» **EXERCISE GOAL**
Filter the records down to the lines that hold the word "track", and copy each of those lines.

» **EXERCISE MATERIAL**
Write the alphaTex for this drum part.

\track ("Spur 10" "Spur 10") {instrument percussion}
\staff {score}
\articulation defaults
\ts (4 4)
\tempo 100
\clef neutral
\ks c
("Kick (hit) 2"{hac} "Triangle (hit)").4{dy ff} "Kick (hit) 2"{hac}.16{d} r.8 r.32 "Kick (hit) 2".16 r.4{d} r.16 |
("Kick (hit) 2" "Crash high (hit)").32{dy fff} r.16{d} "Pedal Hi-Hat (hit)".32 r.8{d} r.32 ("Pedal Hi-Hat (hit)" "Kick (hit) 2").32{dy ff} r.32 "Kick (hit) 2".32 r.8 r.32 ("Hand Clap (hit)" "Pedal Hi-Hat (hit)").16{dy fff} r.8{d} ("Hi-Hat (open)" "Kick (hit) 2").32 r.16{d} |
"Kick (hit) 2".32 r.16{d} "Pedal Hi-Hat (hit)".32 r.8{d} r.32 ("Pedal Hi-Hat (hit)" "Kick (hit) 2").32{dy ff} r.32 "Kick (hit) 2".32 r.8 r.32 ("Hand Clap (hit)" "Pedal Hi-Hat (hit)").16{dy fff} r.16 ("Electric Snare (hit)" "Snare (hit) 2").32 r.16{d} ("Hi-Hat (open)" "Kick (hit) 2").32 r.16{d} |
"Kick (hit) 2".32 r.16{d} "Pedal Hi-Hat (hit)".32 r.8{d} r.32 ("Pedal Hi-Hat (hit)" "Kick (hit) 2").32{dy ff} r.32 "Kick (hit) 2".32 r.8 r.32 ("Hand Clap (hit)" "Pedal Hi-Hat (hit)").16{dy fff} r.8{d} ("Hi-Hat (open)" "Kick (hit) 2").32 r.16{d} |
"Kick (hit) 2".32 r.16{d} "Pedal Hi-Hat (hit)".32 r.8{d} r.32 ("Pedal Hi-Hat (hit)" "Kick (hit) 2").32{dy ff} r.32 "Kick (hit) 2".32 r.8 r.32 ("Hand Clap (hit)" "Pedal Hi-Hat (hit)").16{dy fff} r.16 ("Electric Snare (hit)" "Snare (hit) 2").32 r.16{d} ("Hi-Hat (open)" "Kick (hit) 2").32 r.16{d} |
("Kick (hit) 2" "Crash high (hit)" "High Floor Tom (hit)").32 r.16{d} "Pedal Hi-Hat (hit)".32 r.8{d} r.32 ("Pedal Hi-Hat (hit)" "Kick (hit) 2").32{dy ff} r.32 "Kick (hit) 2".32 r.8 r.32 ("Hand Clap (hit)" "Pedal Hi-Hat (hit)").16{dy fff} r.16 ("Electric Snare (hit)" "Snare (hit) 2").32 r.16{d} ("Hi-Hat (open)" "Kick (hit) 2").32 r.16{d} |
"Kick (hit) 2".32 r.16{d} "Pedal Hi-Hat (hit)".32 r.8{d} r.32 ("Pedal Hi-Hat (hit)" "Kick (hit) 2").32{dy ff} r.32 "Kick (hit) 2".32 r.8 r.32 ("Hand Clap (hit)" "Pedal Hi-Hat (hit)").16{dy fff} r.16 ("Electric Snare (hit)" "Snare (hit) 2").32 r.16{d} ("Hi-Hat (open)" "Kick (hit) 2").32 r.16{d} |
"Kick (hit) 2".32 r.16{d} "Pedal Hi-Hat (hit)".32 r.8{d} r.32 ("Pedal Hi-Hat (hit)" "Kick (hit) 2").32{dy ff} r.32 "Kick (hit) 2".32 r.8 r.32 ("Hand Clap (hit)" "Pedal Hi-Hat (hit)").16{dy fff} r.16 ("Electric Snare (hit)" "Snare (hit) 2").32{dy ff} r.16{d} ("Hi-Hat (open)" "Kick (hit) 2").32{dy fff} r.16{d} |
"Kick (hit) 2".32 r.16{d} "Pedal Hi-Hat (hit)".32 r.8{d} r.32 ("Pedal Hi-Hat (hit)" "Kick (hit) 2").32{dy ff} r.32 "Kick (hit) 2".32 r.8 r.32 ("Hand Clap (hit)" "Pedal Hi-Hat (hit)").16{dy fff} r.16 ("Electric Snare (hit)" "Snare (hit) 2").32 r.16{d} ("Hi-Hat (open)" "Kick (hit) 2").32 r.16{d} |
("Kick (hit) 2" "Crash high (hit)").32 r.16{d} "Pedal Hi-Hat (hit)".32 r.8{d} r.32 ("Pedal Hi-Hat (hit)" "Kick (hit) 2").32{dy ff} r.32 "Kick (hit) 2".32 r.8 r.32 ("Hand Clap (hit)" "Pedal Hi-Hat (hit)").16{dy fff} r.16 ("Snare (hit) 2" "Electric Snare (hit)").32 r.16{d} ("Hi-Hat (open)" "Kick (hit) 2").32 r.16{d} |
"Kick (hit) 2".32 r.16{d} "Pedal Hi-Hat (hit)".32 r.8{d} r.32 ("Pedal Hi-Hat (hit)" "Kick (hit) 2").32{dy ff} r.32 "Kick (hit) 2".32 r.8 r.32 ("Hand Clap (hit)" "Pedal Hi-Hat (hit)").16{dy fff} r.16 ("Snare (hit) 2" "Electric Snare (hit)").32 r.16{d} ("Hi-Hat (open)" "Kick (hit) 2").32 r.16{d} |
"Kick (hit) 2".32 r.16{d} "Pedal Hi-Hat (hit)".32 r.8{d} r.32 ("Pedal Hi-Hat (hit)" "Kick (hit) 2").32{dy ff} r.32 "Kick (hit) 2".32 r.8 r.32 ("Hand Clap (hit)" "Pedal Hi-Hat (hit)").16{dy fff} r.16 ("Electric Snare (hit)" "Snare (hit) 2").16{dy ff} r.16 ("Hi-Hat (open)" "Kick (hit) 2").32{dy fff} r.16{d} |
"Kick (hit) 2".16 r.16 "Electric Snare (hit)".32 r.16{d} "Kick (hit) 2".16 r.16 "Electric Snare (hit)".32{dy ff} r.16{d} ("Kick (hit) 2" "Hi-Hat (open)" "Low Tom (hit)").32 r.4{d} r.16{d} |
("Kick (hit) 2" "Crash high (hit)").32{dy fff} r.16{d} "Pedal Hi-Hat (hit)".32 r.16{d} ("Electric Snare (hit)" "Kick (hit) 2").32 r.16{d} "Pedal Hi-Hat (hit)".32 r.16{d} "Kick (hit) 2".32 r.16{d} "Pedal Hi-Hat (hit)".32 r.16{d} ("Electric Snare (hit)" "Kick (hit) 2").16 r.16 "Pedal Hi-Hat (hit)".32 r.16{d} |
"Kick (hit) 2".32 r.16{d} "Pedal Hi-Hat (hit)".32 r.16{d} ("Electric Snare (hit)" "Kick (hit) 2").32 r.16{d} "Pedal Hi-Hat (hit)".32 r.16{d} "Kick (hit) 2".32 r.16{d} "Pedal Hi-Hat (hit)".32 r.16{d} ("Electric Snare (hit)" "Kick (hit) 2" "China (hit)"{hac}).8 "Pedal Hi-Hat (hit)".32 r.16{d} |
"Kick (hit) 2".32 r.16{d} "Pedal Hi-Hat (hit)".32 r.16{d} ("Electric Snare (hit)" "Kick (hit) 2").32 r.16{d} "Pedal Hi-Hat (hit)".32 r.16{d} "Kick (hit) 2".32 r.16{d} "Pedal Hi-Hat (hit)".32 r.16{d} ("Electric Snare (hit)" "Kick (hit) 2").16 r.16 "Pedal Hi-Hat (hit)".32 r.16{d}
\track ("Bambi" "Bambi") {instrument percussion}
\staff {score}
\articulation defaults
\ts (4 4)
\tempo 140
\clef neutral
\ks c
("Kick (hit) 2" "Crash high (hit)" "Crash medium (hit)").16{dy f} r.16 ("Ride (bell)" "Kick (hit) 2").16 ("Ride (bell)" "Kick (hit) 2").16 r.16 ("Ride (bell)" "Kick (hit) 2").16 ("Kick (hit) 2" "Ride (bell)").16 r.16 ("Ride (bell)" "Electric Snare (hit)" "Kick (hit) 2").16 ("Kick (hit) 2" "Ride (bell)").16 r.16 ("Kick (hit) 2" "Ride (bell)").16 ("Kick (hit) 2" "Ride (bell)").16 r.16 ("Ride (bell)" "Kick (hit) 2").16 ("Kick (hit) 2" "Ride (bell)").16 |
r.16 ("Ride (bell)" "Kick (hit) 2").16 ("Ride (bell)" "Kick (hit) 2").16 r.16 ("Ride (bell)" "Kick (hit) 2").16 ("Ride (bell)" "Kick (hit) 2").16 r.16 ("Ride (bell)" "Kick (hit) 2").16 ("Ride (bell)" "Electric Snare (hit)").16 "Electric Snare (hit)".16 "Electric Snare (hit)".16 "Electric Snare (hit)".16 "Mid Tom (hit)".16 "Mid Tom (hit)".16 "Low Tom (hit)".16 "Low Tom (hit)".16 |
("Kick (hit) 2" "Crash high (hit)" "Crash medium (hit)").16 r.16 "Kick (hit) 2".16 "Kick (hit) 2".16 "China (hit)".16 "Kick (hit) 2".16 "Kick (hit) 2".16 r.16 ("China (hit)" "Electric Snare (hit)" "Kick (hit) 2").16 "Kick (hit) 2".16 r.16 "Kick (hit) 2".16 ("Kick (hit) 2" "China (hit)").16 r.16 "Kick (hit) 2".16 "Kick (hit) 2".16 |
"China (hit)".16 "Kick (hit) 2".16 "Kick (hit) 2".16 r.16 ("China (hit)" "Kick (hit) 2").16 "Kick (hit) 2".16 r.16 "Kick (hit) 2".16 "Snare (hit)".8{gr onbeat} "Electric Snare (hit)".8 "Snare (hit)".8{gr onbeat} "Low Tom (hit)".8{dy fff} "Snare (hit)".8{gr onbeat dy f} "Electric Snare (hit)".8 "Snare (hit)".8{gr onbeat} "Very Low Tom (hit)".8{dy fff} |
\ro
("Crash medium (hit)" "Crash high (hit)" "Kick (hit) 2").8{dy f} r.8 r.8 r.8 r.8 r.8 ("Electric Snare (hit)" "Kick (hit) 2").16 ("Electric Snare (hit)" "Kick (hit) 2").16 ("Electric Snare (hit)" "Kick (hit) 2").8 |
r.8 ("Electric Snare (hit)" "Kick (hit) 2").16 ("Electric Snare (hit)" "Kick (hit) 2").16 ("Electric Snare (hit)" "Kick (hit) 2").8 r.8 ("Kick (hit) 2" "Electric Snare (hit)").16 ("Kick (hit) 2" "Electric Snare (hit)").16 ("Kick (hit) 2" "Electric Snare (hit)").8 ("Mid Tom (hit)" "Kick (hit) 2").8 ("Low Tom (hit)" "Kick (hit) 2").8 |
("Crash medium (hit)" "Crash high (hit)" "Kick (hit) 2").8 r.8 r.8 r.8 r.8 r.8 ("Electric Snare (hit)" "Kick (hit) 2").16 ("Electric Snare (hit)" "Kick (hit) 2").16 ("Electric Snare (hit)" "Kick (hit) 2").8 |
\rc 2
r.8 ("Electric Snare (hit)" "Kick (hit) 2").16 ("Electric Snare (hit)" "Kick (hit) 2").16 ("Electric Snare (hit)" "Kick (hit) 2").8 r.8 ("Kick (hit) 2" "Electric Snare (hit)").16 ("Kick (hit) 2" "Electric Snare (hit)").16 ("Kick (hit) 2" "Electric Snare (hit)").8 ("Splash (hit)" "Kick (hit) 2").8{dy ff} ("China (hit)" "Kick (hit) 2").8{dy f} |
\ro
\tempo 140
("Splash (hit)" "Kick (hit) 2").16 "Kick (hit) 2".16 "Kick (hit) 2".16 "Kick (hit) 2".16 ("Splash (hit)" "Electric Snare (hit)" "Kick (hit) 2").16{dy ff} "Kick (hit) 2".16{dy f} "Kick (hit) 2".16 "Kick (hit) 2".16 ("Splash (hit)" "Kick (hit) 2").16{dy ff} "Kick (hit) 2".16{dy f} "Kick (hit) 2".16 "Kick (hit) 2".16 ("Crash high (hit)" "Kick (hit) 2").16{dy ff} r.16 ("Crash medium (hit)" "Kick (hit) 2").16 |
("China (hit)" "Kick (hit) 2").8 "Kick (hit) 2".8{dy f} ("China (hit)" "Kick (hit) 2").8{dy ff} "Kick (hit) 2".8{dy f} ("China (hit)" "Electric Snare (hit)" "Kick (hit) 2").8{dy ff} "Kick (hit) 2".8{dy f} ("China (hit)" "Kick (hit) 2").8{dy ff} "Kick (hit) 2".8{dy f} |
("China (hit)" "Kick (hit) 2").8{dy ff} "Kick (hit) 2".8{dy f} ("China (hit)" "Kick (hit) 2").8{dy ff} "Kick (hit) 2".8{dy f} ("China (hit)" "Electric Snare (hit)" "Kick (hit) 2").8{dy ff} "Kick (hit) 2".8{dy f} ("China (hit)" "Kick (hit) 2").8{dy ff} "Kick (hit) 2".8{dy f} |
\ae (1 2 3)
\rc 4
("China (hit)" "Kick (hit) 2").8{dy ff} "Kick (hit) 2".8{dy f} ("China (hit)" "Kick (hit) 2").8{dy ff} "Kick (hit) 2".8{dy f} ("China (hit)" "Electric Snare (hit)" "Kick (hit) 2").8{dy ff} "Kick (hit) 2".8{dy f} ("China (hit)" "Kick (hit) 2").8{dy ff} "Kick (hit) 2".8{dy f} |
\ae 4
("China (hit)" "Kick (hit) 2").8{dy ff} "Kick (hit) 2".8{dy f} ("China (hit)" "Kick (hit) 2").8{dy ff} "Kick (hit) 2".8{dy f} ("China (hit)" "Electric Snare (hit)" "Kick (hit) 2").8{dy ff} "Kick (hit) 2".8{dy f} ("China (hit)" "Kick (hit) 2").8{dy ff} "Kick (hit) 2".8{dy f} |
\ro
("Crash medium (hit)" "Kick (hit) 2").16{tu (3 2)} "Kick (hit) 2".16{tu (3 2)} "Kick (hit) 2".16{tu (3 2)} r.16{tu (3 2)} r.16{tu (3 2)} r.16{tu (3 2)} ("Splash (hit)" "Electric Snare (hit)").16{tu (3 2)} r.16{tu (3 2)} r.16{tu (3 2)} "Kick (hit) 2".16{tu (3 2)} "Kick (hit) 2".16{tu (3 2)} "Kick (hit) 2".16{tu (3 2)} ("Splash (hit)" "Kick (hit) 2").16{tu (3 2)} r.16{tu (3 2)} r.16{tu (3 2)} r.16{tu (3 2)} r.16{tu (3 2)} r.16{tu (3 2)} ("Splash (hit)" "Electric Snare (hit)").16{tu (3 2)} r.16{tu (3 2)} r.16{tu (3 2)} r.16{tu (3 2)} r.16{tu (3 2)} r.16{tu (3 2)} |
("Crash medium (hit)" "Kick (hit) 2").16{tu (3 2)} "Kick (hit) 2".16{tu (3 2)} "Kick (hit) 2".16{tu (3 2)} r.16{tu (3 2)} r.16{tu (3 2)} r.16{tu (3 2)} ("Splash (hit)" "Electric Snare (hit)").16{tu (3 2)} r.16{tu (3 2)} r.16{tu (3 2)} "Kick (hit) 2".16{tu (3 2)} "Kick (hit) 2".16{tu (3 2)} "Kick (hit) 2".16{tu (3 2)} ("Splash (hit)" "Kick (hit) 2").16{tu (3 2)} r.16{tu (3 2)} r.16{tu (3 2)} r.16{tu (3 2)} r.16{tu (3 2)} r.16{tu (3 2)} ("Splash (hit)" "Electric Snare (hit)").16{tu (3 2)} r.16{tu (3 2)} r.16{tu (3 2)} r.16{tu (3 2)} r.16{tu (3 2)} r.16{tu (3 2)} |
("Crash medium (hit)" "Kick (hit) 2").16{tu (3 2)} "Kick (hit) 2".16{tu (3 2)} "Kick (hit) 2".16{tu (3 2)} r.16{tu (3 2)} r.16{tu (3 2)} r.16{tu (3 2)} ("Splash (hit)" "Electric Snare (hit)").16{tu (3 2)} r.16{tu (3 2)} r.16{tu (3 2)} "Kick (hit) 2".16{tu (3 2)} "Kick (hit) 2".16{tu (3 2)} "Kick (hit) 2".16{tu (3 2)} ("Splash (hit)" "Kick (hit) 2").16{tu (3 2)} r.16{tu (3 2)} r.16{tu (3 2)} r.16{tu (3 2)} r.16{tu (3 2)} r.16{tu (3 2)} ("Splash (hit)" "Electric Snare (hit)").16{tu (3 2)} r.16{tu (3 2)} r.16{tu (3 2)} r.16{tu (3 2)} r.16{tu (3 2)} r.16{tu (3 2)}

» **RESULT OF THIS EXERCISE**
\track ("Spur 10" "Spur 10") {instrument percussion}
\track ("Bambi" "Bambi") {instrument percussion}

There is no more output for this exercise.